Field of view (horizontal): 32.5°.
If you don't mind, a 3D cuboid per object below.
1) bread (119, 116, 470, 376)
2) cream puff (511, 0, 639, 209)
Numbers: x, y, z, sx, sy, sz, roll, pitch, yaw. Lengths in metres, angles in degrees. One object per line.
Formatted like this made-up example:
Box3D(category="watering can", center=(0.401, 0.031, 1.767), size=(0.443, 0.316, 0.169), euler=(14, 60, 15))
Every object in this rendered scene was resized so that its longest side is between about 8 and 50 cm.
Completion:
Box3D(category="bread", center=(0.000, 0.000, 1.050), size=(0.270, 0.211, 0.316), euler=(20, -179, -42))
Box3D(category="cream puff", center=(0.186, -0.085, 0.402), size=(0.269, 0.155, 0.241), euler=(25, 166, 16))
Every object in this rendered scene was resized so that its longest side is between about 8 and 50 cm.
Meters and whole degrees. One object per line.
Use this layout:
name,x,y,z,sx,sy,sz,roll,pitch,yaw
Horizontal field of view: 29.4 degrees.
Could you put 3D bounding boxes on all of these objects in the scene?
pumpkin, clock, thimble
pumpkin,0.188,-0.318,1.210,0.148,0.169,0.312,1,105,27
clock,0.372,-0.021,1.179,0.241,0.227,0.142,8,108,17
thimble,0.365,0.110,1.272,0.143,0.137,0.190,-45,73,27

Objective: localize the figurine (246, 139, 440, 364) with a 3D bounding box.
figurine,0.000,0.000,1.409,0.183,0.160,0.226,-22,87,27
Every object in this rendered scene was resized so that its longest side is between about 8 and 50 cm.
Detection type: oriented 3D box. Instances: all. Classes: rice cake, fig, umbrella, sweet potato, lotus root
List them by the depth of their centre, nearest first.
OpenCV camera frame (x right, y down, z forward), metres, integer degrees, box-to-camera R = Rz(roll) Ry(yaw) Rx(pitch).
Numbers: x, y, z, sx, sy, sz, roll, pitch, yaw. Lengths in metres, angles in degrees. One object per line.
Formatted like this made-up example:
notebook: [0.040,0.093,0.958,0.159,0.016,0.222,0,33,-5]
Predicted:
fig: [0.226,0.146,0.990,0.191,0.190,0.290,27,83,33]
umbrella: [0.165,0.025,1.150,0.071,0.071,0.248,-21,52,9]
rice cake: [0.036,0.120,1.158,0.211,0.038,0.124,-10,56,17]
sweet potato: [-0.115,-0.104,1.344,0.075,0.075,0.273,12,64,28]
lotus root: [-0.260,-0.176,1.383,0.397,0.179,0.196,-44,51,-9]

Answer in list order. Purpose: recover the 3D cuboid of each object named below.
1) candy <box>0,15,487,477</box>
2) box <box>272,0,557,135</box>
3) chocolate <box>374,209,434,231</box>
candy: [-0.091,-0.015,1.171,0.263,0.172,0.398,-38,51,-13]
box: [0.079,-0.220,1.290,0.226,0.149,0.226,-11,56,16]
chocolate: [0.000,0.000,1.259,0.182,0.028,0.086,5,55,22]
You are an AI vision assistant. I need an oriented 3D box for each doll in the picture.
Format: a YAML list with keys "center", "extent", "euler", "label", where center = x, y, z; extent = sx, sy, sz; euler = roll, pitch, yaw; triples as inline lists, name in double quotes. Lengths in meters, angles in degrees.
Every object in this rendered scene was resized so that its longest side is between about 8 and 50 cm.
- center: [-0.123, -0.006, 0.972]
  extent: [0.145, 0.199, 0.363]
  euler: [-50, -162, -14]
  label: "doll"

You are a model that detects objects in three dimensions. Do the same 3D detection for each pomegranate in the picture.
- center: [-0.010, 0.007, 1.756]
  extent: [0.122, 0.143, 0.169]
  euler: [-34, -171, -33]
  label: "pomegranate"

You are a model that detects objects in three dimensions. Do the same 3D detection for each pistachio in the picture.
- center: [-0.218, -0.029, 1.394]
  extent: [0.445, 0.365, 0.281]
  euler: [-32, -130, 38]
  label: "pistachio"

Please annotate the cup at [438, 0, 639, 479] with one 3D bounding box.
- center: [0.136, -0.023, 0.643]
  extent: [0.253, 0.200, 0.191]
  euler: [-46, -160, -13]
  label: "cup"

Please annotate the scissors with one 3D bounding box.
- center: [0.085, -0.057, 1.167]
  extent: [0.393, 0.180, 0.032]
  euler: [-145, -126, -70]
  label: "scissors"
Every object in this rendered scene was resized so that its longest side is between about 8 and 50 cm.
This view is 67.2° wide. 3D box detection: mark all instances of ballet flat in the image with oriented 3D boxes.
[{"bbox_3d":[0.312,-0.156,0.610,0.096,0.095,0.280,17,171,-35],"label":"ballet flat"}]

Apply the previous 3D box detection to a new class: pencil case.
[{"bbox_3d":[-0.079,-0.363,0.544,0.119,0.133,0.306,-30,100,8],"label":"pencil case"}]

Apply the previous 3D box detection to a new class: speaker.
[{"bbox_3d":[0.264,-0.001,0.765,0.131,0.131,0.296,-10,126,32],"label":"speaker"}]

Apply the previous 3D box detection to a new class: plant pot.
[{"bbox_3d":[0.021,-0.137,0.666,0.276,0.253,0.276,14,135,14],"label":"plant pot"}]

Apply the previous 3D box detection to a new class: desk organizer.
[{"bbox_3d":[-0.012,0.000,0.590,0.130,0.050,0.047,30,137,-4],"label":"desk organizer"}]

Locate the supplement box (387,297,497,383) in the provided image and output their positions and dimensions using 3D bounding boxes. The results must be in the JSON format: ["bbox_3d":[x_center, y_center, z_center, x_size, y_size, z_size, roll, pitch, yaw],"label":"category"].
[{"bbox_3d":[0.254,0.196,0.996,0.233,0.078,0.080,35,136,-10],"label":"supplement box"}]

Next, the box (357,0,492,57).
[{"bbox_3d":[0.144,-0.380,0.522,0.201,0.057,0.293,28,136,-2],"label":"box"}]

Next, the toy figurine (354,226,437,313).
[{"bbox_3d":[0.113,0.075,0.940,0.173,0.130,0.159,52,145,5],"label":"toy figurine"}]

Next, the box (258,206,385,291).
......
● TO DO
Among the records above, only the lines between the line holding "2) box <box>272,0,557,135</box>" and the line holding "You are an AI", inclusive, are to be output, exactly as written.

● OUTPUT FOR THIS TASK
2) box <box>272,0,557,135</box>
3) chocolate <box>374,209,434,231</box>
candy: [-0.091,-0.015,1.171,0.263,0.172,0.398,-38,51,-13]
box: [0.079,-0.220,1.290,0.226,0.149,0.226,-11,56,16]
chocolate: [0.000,0.000,1.259,0.182,0.028,0.086,5,55,22]
You are an AI vision assistant. I need an oriented 3D box for each doll in the picture.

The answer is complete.